Exercise data
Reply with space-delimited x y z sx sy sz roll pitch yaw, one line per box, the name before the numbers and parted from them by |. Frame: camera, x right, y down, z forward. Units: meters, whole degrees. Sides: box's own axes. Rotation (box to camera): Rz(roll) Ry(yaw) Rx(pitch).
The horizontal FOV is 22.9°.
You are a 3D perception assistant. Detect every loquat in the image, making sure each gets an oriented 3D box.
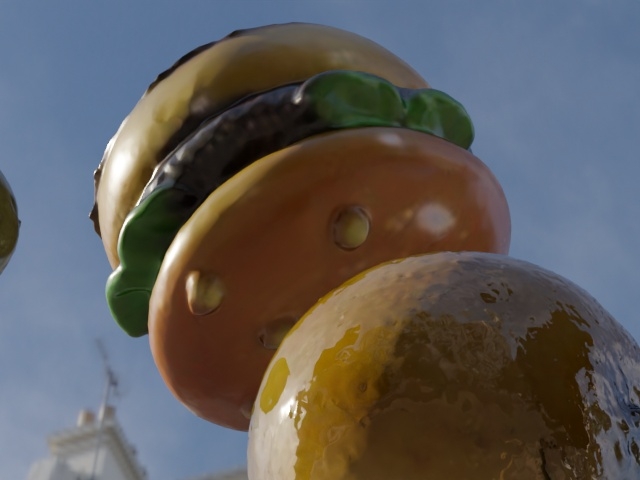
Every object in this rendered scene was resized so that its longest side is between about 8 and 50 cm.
loquat | 0.084 0.134 0.898 0.263 0.263 0.263 0 -56 0

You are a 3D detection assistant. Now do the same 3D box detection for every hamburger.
hamburger | 0.000 0.000 1.538 0.395 0.277 0.396 -16 -44 -16

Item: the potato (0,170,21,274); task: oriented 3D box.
potato | -0.401 -0.032 1.336 0.307 0.173 0.210 18 -29 -29
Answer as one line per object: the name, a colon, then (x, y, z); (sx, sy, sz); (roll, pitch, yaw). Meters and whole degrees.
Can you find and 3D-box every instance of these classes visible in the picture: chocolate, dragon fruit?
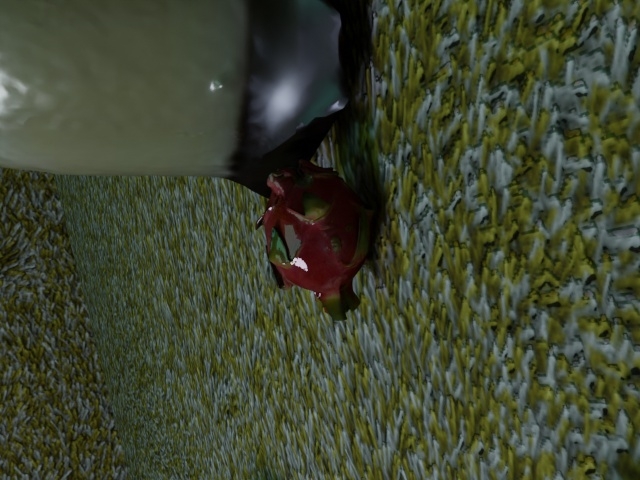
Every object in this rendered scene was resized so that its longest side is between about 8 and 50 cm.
chocolate: (-0.168, -0.177, 0.851); (0.314, 0.297, 0.326); (132, 121, -73)
dragon fruit: (-0.001, 0.002, 0.809); (0.081, 0.086, 0.116); (32, 130, 57)
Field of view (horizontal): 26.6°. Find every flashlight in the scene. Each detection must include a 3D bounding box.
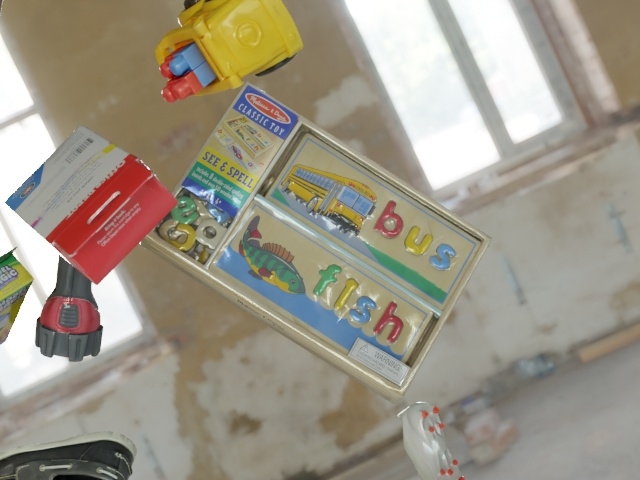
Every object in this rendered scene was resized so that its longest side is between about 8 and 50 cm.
[{"bbox_3d":[-0.361,0.024,2.015,0.103,0.304,0.103,19,17,34],"label":"flashlight"}]

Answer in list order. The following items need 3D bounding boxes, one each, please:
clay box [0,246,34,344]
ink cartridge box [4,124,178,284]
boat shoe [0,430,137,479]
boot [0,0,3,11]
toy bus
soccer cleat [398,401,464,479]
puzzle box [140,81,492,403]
[{"bbox_3d":[-0.464,0.102,1.822,0.127,0.053,0.222,-36,-9,-37],"label":"clay box"},{"bbox_3d":[-0.253,-0.038,1.525,0.134,0.078,0.231,-46,33,-8],"label":"ink cartridge box"},{"bbox_3d":[-0.338,0.297,1.653,0.233,0.084,0.079,-15,44,17],"label":"boat shoe"},{"bbox_3d":[-0.645,-0.366,2.286,0.197,0.152,0.073,18,3,-21],"label":"boot"},{"bbox_3d":[-0.167,-0.277,1.995,0.211,0.149,0.220,-43,20,-24],"label":"toy bus"},{"bbox_3d":[0.180,0.360,2.199,0.068,0.196,0.076,-7,-13,-40],"label":"soccer cleat"},{"bbox_3d":[0.000,0.000,1.831,0.272,0.409,0.052,-59,2,-21],"label":"puzzle box"}]
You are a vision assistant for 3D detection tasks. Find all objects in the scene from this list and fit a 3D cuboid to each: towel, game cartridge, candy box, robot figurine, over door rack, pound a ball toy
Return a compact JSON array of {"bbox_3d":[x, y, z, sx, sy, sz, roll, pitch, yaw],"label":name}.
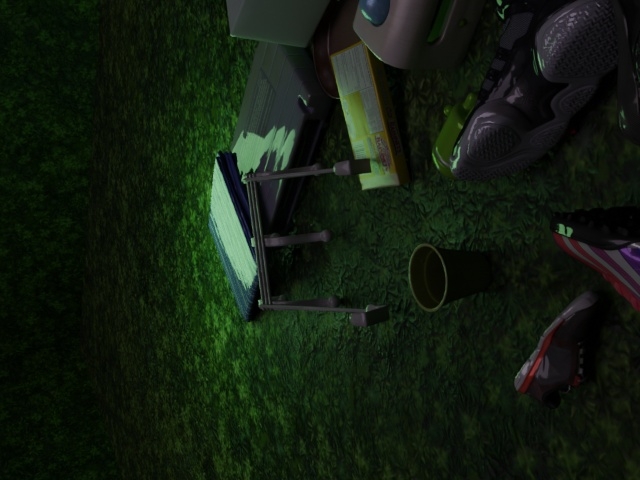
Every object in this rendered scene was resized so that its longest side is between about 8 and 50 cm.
[{"bbox_3d":[-0.158,0.000,1.677,0.336,0.040,0.243,113,139,-66],"label":"towel"},{"bbox_3d":[-0.081,-0.184,1.549,0.355,0.068,0.230,111,148,-41],"label":"game cartridge"},{"bbox_3d":[0.070,-0.176,1.240,0.105,0.027,0.206,-3,102,61],"label":"candy box"},{"bbox_3d":[0.174,-0.119,1.033,0.115,0.067,0.101,114,160,-45],"label":"robot figurine"},{"bbox_3d":[0.000,0.000,1.356,0.324,0.108,0.240,1,100,56],"label":"over door rack"},{"bbox_3d":[0.146,-0.343,0.976,0.208,0.135,0.319,59,144,41],"label":"pound a ball toy"}]

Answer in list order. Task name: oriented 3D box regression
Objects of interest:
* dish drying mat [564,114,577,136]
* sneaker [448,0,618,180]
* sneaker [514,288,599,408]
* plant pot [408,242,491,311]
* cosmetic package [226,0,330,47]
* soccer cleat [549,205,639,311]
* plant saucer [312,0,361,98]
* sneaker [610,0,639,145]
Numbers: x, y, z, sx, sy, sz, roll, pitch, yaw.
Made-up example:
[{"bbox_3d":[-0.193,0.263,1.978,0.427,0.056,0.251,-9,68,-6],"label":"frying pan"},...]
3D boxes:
[{"bbox_3d":[0.249,-0.124,0.950,0.083,0.008,0.032,-14,81,63],"label":"dish drying mat"},{"bbox_3d":[0.210,-0.187,0.914,0.269,0.101,0.153,125,141,-47],"label":"sneaker"},{"bbox_3d":[0.267,0.119,0.924,0.065,0.061,0.158,38,134,21],"label":"sneaker"},{"bbox_3d":[0.164,0.042,1.069,0.083,0.079,0.083,15,107,62],"label":"plant pot"},{"bbox_3d":[-0.058,-0.460,1.330,0.224,0.138,0.225,125,141,-52],"label":"cosmetic package"},{"bbox_3d":[0.314,0.046,0.747,0.318,0.108,0.117,26,122,57],"label":"soccer cleat"},{"bbox_3d":[0.037,-0.301,1.322,0.168,0.029,0.169,20,112,62],"label":"plant saucer"},{"bbox_3d":[0.311,-0.197,0.732,0.130,0.087,0.228,2,99,62],"label":"sneaker"}]
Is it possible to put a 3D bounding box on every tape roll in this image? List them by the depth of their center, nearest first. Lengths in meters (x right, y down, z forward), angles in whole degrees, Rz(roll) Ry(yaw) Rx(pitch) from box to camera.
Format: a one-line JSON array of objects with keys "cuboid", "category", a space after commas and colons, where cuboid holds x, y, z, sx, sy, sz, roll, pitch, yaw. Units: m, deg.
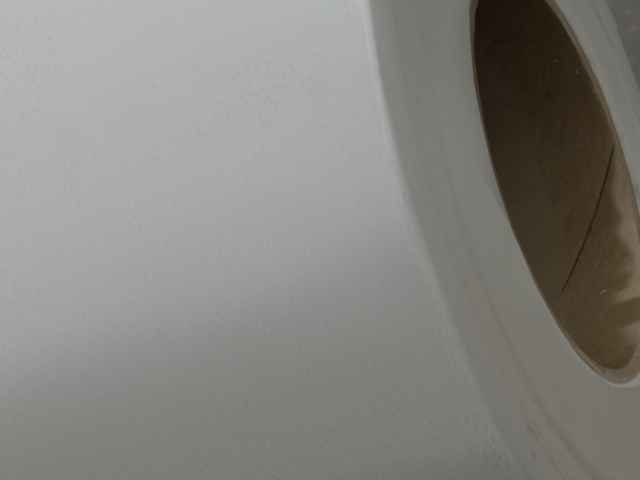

Goal of the exercise
The answer must restate each entry word for word and contain no images.

Answer to this problem
Reply with space-delimited x y z sx sy sz roll pitch yaw, one line per box, the name before the numbers and parted from them by |. Frame: camera, x right, y down, z forward. Units: meters, whole degrees. Sides: box's own axes. Rotation (box to camera): Rz(roll) Ry(yaw) Rx(pitch).
The horizontal FOV is 22.9°.
You are a 3D perception assistant. Detect every loquat in the image, making sure each gets an oriented 3D box.
Every object in this rendered scene was resized so that its longest side is between about 8 and 50 cm.
loquat | 0.084 0.134 0.898 0.263 0.263 0.263 0 -56 0

You are a 3D detection assistant. Now do the same 3D box detection for every hamburger.
hamburger | 0.000 0.000 1.538 0.395 0.277 0.396 -16 -44 -16

Item: the potato (0,170,21,274); task: oriented 3D box.
potato | -0.401 -0.032 1.336 0.307 0.173 0.210 18 -29 -29
Answer as one line per object: the name, a colon, then (x, y, z); (sx, sy, sz); (roll, pitch, yaw). Meters and whole degrees.
Can you find and 3D-box every instance of these classes visible in the picture: chocolate, dragon fruit?
Every object in this rendered scene was resized so that its longest side is between about 8 and 50 cm.
chocolate: (-0.168, -0.177, 0.851); (0.314, 0.297, 0.326); (132, 121, -73)
dragon fruit: (-0.001, 0.002, 0.809); (0.081, 0.086, 0.116); (32, 130, 57)
Field of view (horizontal): 26.6°. Find every flashlight in the scene. Each detection must include a 3D bounding box.
Every object in this rendered scene was resized so that its longest side is between about 8 and 50 cm.
[{"bbox_3d":[-0.361,0.024,2.015,0.103,0.304,0.103,19,17,34],"label":"flashlight"}]

Answer in list order. The following items need 3D bounding boxes, one each, please:
clay box [0,246,34,344]
ink cartridge box [4,124,178,284]
boat shoe [0,430,137,479]
boot [0,0,3,11]
toy bus
soccer cleat [398,401,464,479]
puzzle box [140,81,492,403]
[{"bbox_3d":[-0.464,0.102,1.822,0.127,0.053,0.222,-36,-9,-37],"label":"clay box"},{"bbox_3d":[-0.253,-0.038,1.525,0.134,0.078,0.231,-46,33,-8],"label":"ink cartridge box"},{"bbox_3d":[-0.338,0.297,1.653,0.233,0.084,0.079,-15,44,17],"label":"boat shoe"},{"bbox_3d":[-0.645,-0.366,2.286,0.197,0.152,0.073,18,3,-21],"label":"boot"},{"bbox_3d":[-0.167,-0.277,1.995,0.211,0.149,0.220,-43,20,-24],"label":"toy bus"},{"bbox_3d":[0.180,0.360,2.199,0.068,0.196,0.076,-7,-13,-40],"label":"soccer cleat"},{"bbox_3d":[0.000,0.000,1.831,0.272,0.409,0.052,-59,2,-21],"label":"puzzle box"}]
You are a vision assistant for 3D detection tasks. Find all objects in the scene from this list and fit a 3D cuboid to each: towel, game cartridge, candy box, robot figurine, over door rack, pound a ball toy
Return a compact JSON array of {"bbox_3d":[x, y, z, sx, sy, sz, roll, pitch, yaw],"label":name}.
Every object in this rendered scene was resized so that its longest side is between about 8 and 50 cm.
[{"bbox_3d":[-0.158,0.000,1.677,0.336,0.040,0.243,113,139,-66],"label":"towel"},{"bbox_3d":[-0.081,-0.184,1.549,0.355,0.068,0.230,111,148,-41],"label":"game cartridge"},{"bbox_3d":[0.070,-0.176,1.240,0.105,0.027,0.206,-3,102,61],"label":"candy box"},{"bbox_3d":[0.174,-0.119,1.033,0.115,0.067,0.101,114,160,-45],"label":"robot figurine"},{"bbox_3d":[0.000,0.000,1.356,0.324,0.108,0.240,1,100,56],"label":"over door rack"},{"bbox_3d":[0.146,-0.343,0.976,0.208,0.135,0.319,59,144,41],"label":"pound a ball toy"}]

Answer in list order. Task name: oriented 3D box regression
Objects of interest:
* dish drying mat [564,114,577,136]
* sneaker [448,0,618,180]
* sneaker [514,288,599,408]
* plant pot [408,242,491,311]
* cosmetic package [226,0,330,47]
* soccer cleat [549,205,639,311]
* plant saucer [312,0,361,98]
* sneaker [610,0,639,145]
Numbers: x, y, z, sx, sy, sz, roll, pitch, yaw.
Made-up example:
[{"bbox_3d":[-0.193,0.263,1.978,0.427,0.056,0.251,-9,68,-6],"label":"frying pan"},...]
3D boxes:
[{"bbox_3d":[0.249,-0.124,0.950,0.083,0.008,0.032,-14,81,63],"label":"dish drying mat"},{"bbox_3d":[0.210,-0.187,0.914,0.269,0.101,0.153,125,141,-47],"label":"sneaker"},{"bbox_3d":[0.267,0.119,0.924,0.065,0.061,0.158,38,134,21],"label":"sneaker"},{"bbox_3d":[0.164,0.042,1.069,0.083,0.079,0.083,15,107,62],"label":"plant pot"},{"bbox_3d":[-0.058,-0.460,1.330,0.224,0.138,0.225,125,141,-52],"label":"cosmetic package"},{"bbox_3d":[0.314,0.046,0.747,0.318,0.108,0.117,26,122,57],"label":"soccer cleat"},{"bbox_3d":[0.037,-0.301,1.322,0.168,0.029,0.169,20,112,62],"label":"plant saucer"},{"bbox_3d":[0.311,-0.197,0.732,0.130,0.087,0.228,2,99,62],"label":"sneaker"}]
Is it possible to put a 3D bounding box on every tape roll in this image? List them by the depth of their center, nearest first. Lengths in meters (x right, y down, z forward), angles in whole degrees, Rz(roll) Ry(yaw) Rx(pitch) from box to camera.
Format: a one-line JSON array of objects with keys "cuboid", "category", a space after commas and colons, where cuboid holds x, y, z, sx, sy, sz, roll, pitch, yaw. Units: m, deg.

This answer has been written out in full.